My great grandmother was born I believe in 1893, and my great grandfather, I think he was nine years older than her. 

The Living South

So these are folks who lived through some of the most brutal Jim Crow years that you can find in Georgia. And what is it like for you to be there on this?

I know for most folks, it's a spiritual feeling when you're looking at your ancestors, I feel like it's different for folks who've lived through such times and they are your descendants. 

Chris Haley

I know more of my great grandmother's story. She was of mixed race, as was her sister. She was born of a union that could not be legalized. My great grandfather was white, my great grandmother was Black.

His name was Charles Fulcher. My great-grandmother's name was Lizzie Hankerson. 

She was listed next door to him and another single dwelling with her two mulatto children, whose names were Ida and Bertha, which are the names of my great-grandmother, and my great aunt. So even in that alone, I could see that it indicates that they were a couple as much as they could be a couple and they lived as a couple. So even in this census record, it appears that perhaps they could not say that they were man and wife because they couldn't get married. It was illegal in Maryland, literally until 1970, 1973, I think. It's when the loving decision happened. It's the same thing in Maryland. So God knows in Georgia, it was the same thing. I also found out later that my great grandfather did hang out, did socialize, with his great grandson, Buddy, whose real name was Thomas, who died when he was nine.

I understand they used to go fishing together, and that he really recognized and loved his grandson.

Respect and appreciate that they really had a connection as much as they could at that time. 

How many times when we're a kid, do we really engage our parents and our great grandparents about their lives when they were kids or about their lives growing up? You just don't do it. For one, you're not truly interested because you're playing.

You're out there playing with their friends. You have to go do your homework. And maybe some of these things are so challenging quite frankly, painful that they're not going to say it to a little boy. They're not going to share, because for one, they'll have to push it probably so hard to get that little boy or that little girl to understand just how deep that situation is.

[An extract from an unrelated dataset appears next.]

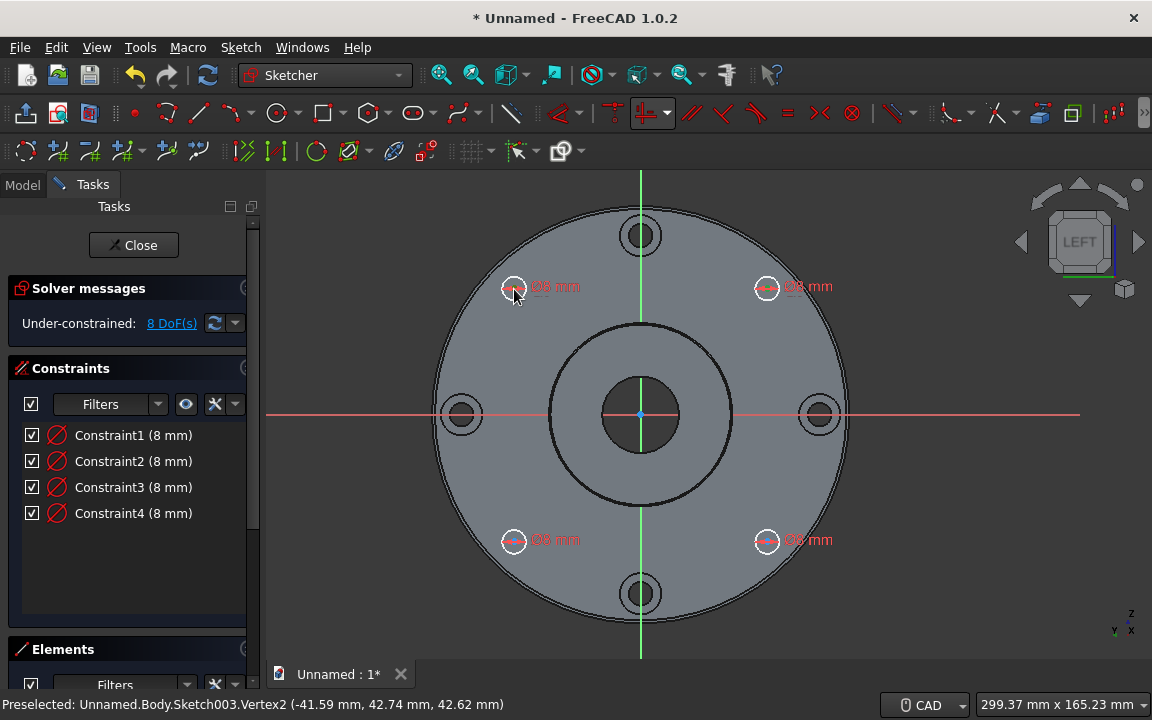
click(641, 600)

Because a simple question could be why didn't you marry great grandma? Because she was Black and I was white. What does that mean? It would be so challenging to get a child to understand that. So you don't try, you just are who you are.

The Living South

As a parent of small children, sometimes I'll talk about the worst parts of the South in our history and it's amazing to me how, without any preparation, they get to the right and the wrong of it really quickly.

One thing I wanted to ask about: People have the false impression of the Jim Crow era as a time when white supremacists were just looking to keep people separate.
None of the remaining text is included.